ニンジャゴブリンを一瞬で切り裂いた化け物を、あろうことか自分のペットだと主張し始めたのだ。
彼女は到底それを言葉通りに受け取ることができなかった。
(おそらく……あの男は私を油断させるために猫が作り出した幻覚ね)
「飼い猫? 私を油断させようったってそうはいかないからね……!」
とは言ってみるものの、油断しなかったからと言ってどうこうできる相手なはずもなく。
彼女はギターを構えるだけ構えたまま、一歩たりとも動けなくなった。
(このまま私も、あのゴブリンみたいに真っ二つにされるのね……)
そう諦めかけた彼女だったが……次の瞬間、事態はまた思わぬ方向に動いた。
「よし、全速力で帰るぞタマ」
男に連れられ、巨大猫は踵を返していったのだ。
「え……?」
何が何だか理解できない彼女だったが……しばらくするとようやく危機が去った実感が湧き、彼女は膝から崩れ落ちた。
:よ、良かった……!
:助かったってことでいいんだよな?
:とりあえず、ヨシ!
:ネルちゃんおつかれ〜!!
そしてもうしばらくして、配信の途中だったことを思い出した彼女は、スマホの画面に向けてこう言った。
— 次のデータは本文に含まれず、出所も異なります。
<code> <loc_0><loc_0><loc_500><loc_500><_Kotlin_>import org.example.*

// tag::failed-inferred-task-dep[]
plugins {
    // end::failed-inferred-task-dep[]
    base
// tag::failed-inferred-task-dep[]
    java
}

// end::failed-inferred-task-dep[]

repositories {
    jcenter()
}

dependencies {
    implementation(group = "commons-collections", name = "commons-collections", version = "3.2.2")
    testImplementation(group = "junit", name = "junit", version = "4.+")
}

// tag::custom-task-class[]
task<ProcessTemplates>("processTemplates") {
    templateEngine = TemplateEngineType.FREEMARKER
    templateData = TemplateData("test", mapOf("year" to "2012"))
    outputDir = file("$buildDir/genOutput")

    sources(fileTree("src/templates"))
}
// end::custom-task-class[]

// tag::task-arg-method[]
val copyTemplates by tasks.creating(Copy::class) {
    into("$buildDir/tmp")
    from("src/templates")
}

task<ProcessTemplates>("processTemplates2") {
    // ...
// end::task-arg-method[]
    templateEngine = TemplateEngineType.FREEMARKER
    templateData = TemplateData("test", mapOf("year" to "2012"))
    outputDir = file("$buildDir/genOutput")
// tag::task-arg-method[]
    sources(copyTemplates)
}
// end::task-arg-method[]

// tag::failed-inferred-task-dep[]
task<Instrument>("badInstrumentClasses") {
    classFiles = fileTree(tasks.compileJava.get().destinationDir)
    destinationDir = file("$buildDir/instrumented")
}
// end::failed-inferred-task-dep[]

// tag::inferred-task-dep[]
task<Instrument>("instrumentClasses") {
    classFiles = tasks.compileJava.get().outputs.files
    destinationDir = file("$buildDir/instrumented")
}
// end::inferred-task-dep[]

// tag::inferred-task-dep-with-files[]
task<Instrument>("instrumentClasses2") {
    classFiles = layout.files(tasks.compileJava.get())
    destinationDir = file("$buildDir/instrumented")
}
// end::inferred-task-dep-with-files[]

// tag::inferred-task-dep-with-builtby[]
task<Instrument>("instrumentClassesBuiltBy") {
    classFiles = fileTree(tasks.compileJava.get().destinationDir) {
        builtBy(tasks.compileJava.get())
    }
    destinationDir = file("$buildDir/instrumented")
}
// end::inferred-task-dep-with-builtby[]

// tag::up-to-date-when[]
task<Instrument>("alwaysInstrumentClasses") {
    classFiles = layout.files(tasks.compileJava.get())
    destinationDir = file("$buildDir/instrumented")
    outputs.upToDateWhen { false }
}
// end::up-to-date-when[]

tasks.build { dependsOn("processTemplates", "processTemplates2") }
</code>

「み、みんなおつかれ〜。今日はもうこれ以上攻略できる気分じゃないから配信終わるね。ごめんね〜」
【¥5,000】:おつかれ〜!
【¥12,000】:謝ることじゃないよ
【¥10,000】:そうそう!
【¥8,000】:助かってくれて良かった!
【¥50,000】:また今度楽しみにしてるよ!
配信終了を宣言すると怒涛のスパチャが飛んできたので、それらに一通りお礼コメントをし、彼女は終了ボタンを押下した。
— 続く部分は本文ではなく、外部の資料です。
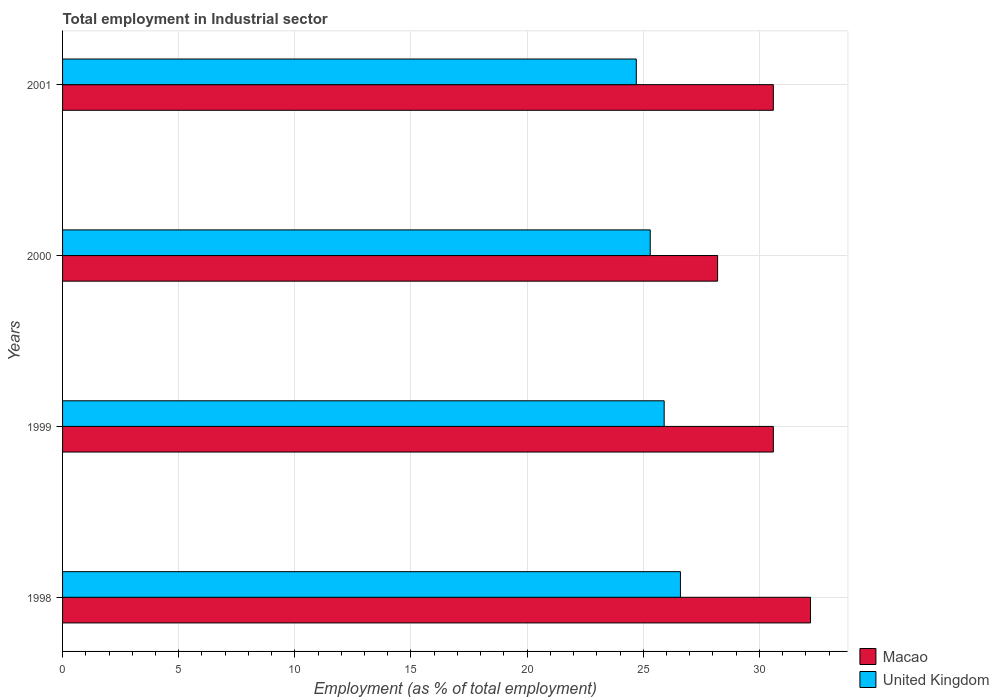Are the number of bars per tick equal to the number of legend labels?
Your answer should be compact. Yes. Are the number of bars on each tick of the Y-axis equal?
Provide a short and direct response. Yes. How many bars are there on the 1st tick from the top?
Your response must be concise. 2. What is the employment in industrial sector in United Kingdom in 1998?
Provide a short and direct response. 26.6. Across all years, what is the maximum employment in industrial sector in United Kingdom?
Your answer should be compact. 26.6. Across all years, what is the minimum employment in industrial sector in United Kingdom?
Your response must be concise. 24.7. In which year was the employment in industrial sector in United Kingdom minimum?
Ensure brevity in your answer.  2001. What is the total employment in industrial sector in United Kingdom in the graph?
Your answer should be very brief. 102.5. What is the difference between the employment in industrial sector in United Kingdom in 1998 and that in 2000?
Ensure brevity in your answer.  1.3. What is the average employment in industrial sector in United Kingdom per year?
Keep it short and to the point. 25.62. In the year 1998, what is the difference between the employment in industrial sector in Macao and employment in industrial sector in United Kingdom?
Keep it short and to the point. 5.6. In how many years, is the employment in industrial sector in Macao greater than 20 %?
Make the answer very short. 4. What is the ratio of the employment in industrial sector in Macao in 1999 to that in 2000?
Provide a short and direct response. 1.09. Is the difference between the employment in industrial sector in Macao in 2000 and 2001 greater than the difference between the employment in industrial sector in United Kingdom in 2000 and 2001?
Give a very brief answer. No. What is the difference between the highest and the second highest employment in industrial sector in United Kingdom?
Provide a short and direct response. 0.7. What is the difference between the highest and the lowest employment in industrial sector in Macao?
Give a very brief answer. 4. Is the sum of the employment in industrial sector in Macao in 1999 and 2001 greater than the maximum employment in industrial sector in United Kingdom across all years?
Ensure brevity in your answer.  Yes. What does the 1st bar from the top in 2001 represents?
Offer a very short reply. United Kingdom. What does the 1st bar from the bottom in 2000 represents?
Your answer should be very brief. Macao. How many bars are there?
Your answer should be very brief. 8. Are all the bars in the graph horizontal?
Offer a very short reply. Yes. What is the difference between two consecutive major ticks on the X-axis?
Offer a very short reply. 5. Are the values on the major ticks of X-axis written in scientific E-notation?
Offer a very short reply. No. What is the title of the graph?
Offer a very short reply. Total employment in Industrial sector. What is the label or title of the X-axis?
Provide a short and direct response. Employment (as % of total employment). What is the label or title of the Y-axis?
Provide a succinct answer. Years. What is the Employment (as % of total employment) of Macao in 1998?
Provide a short and direct response. 32.2. What is the Employment (as % of total employment) of United Kingdom in 1998?
Your answer should be very brief. 26.6. What is the Employment (as % of total employment) of Macao in 1999?
Give a very brief answer. 30.6. What is the Employment (as % of total employment) in United Kingdom in 1999?
Offer a terse response. 25.9. What is the Employment (as % of total employment) of Macao in 2000?
Provide a short and direct response. 28.2. What is the Employment (as % of total employment) in United Kingdom in 2000?
Keep it short and to the point. 25.3. What is the Employment (as % of total employment) in Macao in 2001?
Give a very brief answer. 30.6. What is the Employment (as % of total employment) in United Kingdom in 2001?
Give a very brief answer. 24.7. Across all years, what is the maximum Employment (as % of total employment) of Macao?
Your answer should be compact. 32.2. Across all years, what is the maximum Employment (as % of total employment) of United Kingdom?
Provide a short and direct response. 26.6. Across all years, what is the minimum Employment (as % of total employment) of Macao?
Your answer should be compact. 28.2. Across all years, what is the minimum Employment (as % of total employment) of United Kingdom?
Your response must be concise. 24.7. What is the total Employment (as % of total employment) of Macao in the graph?
Make the answer very short. 121.6. What is the total Employment (as % of total employment) of United Kingdom in the graph?
Your answer should be compact. 102.5. What is the difference between the Employment (as % of total employment) of United Kingdom in 1998 and that in 2000?
Offer a very short reply. 1.3. What is the difference between the Employment (as % of total employment) in Macao in 1999 and that in 2000?
Your response must be concise. 2.4. What is the difference between the Employment (as % of total employment) in Macao in 2000 and that in 2001?
Make the answer very short. -2.4. What is the difference between the Employment (as % of total employment) of Macao in 1998 and the Employment (as % of total employment) of United Kingdom in 2001?
Provide a succinct answer. 7.5. What is the difference between the Employment (as % of total employment) of Macao in 1999 and the Employment (as % of total employment) of United Kingdom in 2001?
Offer a very short reply. 5.9. What is the average Employment (as % of total employment) of Macao per year?
Make the answer very short. 30.4. What is the average Employment (as % of total employment) of United Kingdom per year?
Provide a short and direct response. 25.62. In the year 1998, what is the difference between the Employment (as % of total employment) of Macao and Employment (as % of total employment) of United Kingdom?
Provide a succinct answer. 5.6. In the year 1999, what is the difference between the Employment (as % of total employment) in Macao and Employment (as % of total employment) in United Kingdom?
Give a very brief answer. 4.7. In the year 2000, what is the difference between the Employment (as % of total employment) of Macao and Employment (as % of total employment) of United Kingdom?
Offer a terse response. 2.9. In the year 2001, what is the difference between the Employment (as % of total employment) of Macao and Employment (as % of total employment) of United Kingdom?
Your answer should be compact. 5.9. What is the ratio of the Employment (as % of total employment) in Macao in 1998 to that in 1999?
Keep it short and to the point. 1.05. What is the ratio of the Employment (as % of total employment) of Macao in 1998 to that in 2000?
Your response must be concise. 1.14. What is the ratio of the Employment (as % of total employment) of United Kingdom in 1998 to that in 2000?
Your answer should be very brief. 1.05. What is the ratio of the Employment (as % of total employment) in Macao in 1998 to that in 2001?
Your answer should be compact. 1.05. What is the ratio of the Employment (as % of total employment) of Macao in 1999 to that in 2000?
Your response must be concise. 1.09. What is the ratio of the Employment (as % of total employment) of United Kingdom in 1999 to that in 2000?
Ensure brevity in your answer.  1.02. What is the ratio of the Employment (as % of total employment) in Macao in 1999 to that in 2001?
Your answer should be very brief. 1. What is the ratio of the Employment (as % of total employment) in United Kingdom in 1999 to that in 2001?
Ensure brevity in your answer.  1.05. What is the ratio of the Employment (as % of total employment) in Macao in 2000 to that in 2001?
Ensure brevity in your answer.  0.92. What is the ratio of the Employment (as % of total employment) in United Kingdom in 2000 to that in 2001?
Your answer should be very brief. 1.02. What is the difference between the highest and the second highest Employment (as % of total employment) of Macao?
Your response must be concise. 1.6. What is the difference between the highest and the lowest Employment (as % of total employment) of Macao?
Make the answer very short. 4.

取り急ぎニンジャゴブリンのドロップ品だけ回収すると、その場にへたり込んで水分補給をしながら5分ほど心を落ち着かせる。
「にしても……あの猫、何だったのかな?」
冷静になってくると……彼女はニンジャゴブリンを瞬殺した猫の正体が気になり始めた。
「本当に誰かの飼い猫だったのかな……。だとしたら、助けてもらったのに悪いことしちゃったな……」
などとブツブツ呟きつつ、たまにエンカウントするヴェノムバットやマッドモンキーを粉砕しながら彼女は地上を目指した。
あの猫と飼い主さんの居場所が分かったら、即刻お礼と謝罪をしに行こう。
この日彼女は、家に帰る途中、そんな決意を固めたのだった。